Giving Hamelin’s repertoire an even greater range are his own 30 or so compositions, including his most recent, a piano quintet that he debuted in August with the Dover Quartet at the La Jolla Music Society. He began writing as a piano student, taking advantage of the manuscript paper that he found around the house. “I started scribbling nonsense, and of course, you can’t call them anything like compositional efforts, but at least, the impulse was there,” he said. 

He wrote a prelude and fugue in 1985-86 that he calls his first “presentable” composition, and it later became part of his 12 Études in All the Minor Keys, which he finished in 2009. In 2016, he was commissioned by the Van Cliburn International Piano Competition to write the Toccata on L’homme armé, which is based on a song from the French Renaissance.
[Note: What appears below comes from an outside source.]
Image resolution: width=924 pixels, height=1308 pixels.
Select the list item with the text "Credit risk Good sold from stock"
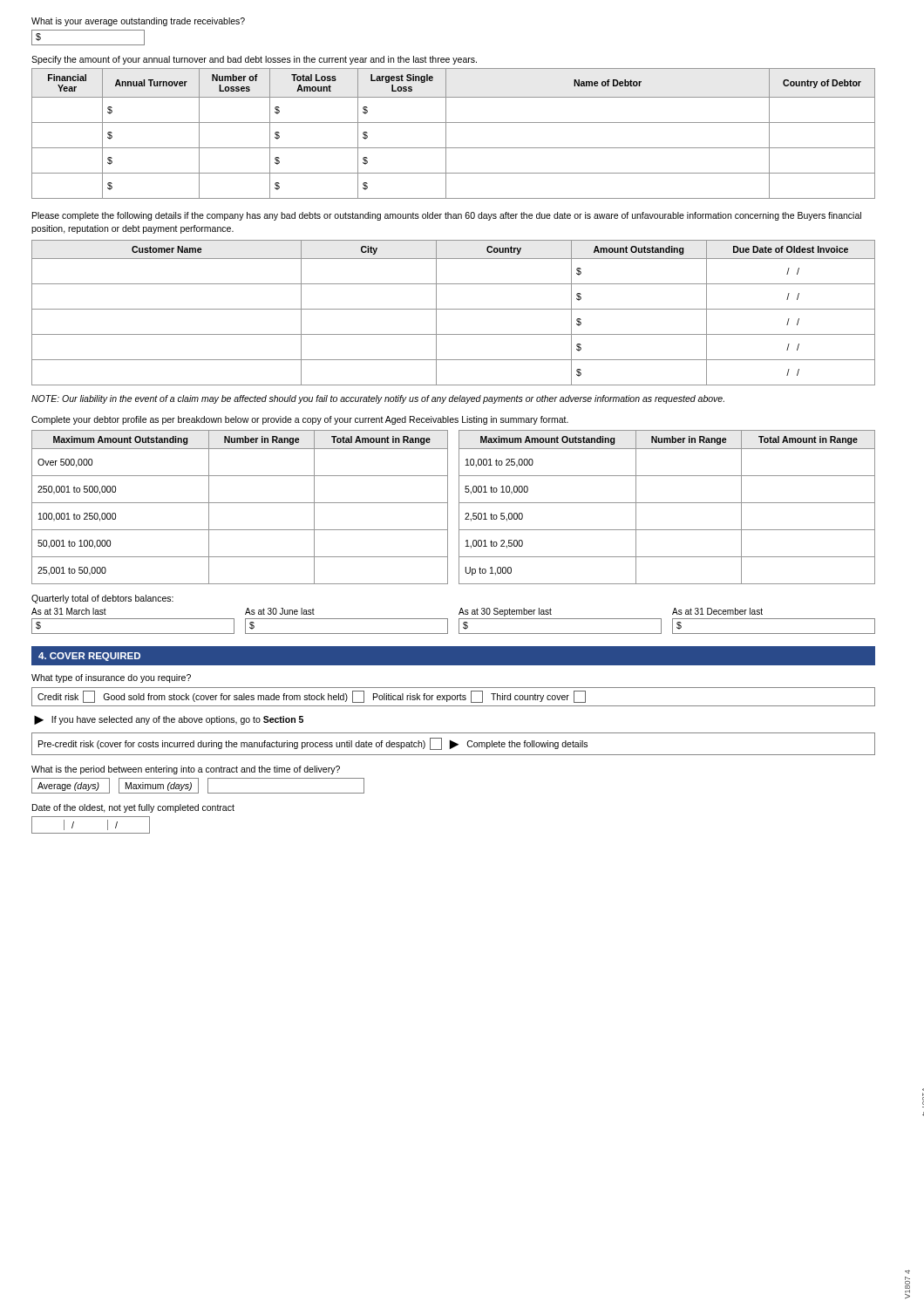312,697

It was performed by 30 of the contestants at the 2017 edition of the piano contest. Unlike, say, Sergei Rachmaninov, who devoted himself equally to playing and composing, Hamelin is primarily a pianist first and composer second. “I do compose,” he said, “because I feel like I have to something to say, but I wouldn’t say that I’m part of the actual [compositional] establishment.”

Although Hamelin’s often eclectic repertory is now seen as one of his important assets, it proved to be a liability with skittish presenters when he was starting out. Despite winning the 1985 Carnegie Hall International American Music Competition, which emphasized 20th-century music, it was not until the 1990s when he was in his 30s that his career really began to take off. Hamelin’s attributes his eventual on-stage success to his prolific recordings, which now number more than 70 and have earned him 11 Grammy Award nominations. They were pivotal in helping audiences and presenters get to know him.  

Before the COVID-19 pandemic, Hamelin was typically performing 75-80 concerts a year, and he is finally returning to those numbers. His appearance in Symphony Center is part of an intense series of six cross-country concerts in 10 days, concluding with back-to-back performances with the Orchestra of St. Luke’s in New York.  “That’s going to feel very good,” he said.